Respondent by:         Mr. Ali Imran, DR

 

Date of hearing:        16.03.2026

Date of order:          16.03.2026

O R D E R

M. M. AKRAM (Judicial Member): The titled appeal, along with an application for interim relief, has been instituted by the appellant–taxpayer against the impugned order dated 13.02.2026 passed by the learned Commissioner Inland Revenue (Appeals-V), Lahore (“CIR(A)”), whereby the order passed under section 4C of the Income Tax Ordinance, 2001 (“the Ordinance”) for the tax year 2024 was modified.

2. Briefly stated, the facts of the case are that the appellant is an individual and is registered as a commercial importer engaged in the import of polypropylene granules and similar goods. The assessing officer passed an order under section 4C of the Ordinance, whereby super tax was levied on the income of the appellant in accordance with the provisions of the said section, thereby creating a tax demand amounting to Rs. 38,100,403 vide order dated 31.10.2025. Aggrieved by the said order, the appellant preferred an appeal before the learned CIR(A), who, vide the impugned order dated 13.02.2026, disposed of the appeal by upholding the levy of super tax imposed by the assessing officer. However, with regard to the levy of default surcharge, the learned CIR(A) observed that the credit of the tax already paid on this account had not been duly considered while computing the default surcharge. Accordingly, the assessing officer was directed to re-examine the matter and recompute the default surcharge after properly giving effect to the credit of the tax already paid.

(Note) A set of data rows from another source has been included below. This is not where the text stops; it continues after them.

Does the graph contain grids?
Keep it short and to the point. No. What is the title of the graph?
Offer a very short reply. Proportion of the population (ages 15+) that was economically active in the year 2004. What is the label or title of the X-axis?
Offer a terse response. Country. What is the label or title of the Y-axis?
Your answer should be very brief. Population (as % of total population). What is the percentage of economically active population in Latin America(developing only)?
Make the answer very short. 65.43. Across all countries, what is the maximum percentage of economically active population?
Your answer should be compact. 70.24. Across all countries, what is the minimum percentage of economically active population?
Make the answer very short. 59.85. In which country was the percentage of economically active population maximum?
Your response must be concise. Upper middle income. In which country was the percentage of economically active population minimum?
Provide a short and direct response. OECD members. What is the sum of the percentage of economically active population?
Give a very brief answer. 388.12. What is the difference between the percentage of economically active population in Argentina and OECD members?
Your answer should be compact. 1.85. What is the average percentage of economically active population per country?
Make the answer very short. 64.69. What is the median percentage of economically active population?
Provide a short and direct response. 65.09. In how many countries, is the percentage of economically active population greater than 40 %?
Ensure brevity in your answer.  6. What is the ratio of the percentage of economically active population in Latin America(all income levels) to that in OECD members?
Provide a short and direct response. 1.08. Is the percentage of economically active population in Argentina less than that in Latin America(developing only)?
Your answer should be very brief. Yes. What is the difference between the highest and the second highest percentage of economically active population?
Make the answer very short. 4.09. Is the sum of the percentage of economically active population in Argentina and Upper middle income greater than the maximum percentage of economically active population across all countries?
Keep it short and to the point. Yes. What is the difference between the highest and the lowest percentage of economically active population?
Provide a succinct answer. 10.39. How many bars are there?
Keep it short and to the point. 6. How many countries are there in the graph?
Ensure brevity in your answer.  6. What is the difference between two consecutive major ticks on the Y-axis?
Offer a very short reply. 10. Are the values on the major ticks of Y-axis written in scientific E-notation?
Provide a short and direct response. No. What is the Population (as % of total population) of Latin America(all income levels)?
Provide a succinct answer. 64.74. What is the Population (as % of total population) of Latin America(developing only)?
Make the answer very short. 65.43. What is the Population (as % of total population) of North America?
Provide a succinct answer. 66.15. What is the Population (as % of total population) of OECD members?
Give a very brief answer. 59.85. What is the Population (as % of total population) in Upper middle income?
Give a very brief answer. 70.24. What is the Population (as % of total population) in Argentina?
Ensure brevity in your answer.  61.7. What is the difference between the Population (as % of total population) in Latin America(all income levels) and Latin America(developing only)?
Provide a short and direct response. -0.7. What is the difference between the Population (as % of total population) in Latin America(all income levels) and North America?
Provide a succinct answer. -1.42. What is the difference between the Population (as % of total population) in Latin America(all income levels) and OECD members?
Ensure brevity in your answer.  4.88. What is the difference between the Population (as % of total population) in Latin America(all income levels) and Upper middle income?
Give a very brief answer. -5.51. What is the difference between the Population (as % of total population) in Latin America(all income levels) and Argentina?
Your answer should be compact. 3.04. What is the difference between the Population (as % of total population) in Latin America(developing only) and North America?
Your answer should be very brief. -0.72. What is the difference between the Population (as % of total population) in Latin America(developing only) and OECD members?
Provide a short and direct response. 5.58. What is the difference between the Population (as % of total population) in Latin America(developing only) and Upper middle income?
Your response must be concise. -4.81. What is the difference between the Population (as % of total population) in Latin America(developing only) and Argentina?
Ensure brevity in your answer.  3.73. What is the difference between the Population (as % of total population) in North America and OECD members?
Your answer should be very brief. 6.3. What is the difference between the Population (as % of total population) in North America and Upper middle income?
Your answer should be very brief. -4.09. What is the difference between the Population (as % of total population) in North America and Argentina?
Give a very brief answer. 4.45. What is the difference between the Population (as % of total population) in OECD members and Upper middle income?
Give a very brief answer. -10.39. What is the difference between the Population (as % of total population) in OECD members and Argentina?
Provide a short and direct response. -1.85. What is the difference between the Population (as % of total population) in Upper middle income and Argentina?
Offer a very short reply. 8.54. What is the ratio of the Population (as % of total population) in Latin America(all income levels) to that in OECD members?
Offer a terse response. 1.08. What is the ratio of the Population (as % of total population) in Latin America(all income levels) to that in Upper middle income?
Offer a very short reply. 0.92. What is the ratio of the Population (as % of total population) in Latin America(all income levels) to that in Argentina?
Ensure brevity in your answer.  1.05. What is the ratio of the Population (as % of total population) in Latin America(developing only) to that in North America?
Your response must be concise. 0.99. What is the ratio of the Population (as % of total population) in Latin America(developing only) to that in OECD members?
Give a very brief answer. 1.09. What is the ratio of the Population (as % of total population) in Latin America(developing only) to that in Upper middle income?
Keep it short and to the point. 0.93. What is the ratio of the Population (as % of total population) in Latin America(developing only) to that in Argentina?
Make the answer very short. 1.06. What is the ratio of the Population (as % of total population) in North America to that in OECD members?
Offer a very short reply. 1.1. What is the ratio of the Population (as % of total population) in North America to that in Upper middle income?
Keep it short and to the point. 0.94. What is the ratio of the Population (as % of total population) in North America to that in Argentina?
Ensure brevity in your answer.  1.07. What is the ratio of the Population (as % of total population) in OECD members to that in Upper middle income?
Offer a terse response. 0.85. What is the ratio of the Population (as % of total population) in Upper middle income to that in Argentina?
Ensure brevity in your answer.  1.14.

3. Still dissatisfied with the impugned order, the appellant has now preferred the instant appeal before this Tribunal and has assailed the same on various grounds.

4. The case was heard on 16.03.2026. The learned Authorized Representative (AR) for the appellant submitted that the authorities below have failed to correctly compute the taxable income of the appellant for the purposes of levy of Super Tax under section 4C of the Ordinance. It was contended that while determining the amount on which Super Tax is to be levied, the tax already paid on the taxable income declared by the appellant ought first to have been deducted from such taxable income, and only the remaining amount should have been subjected to Super Tax.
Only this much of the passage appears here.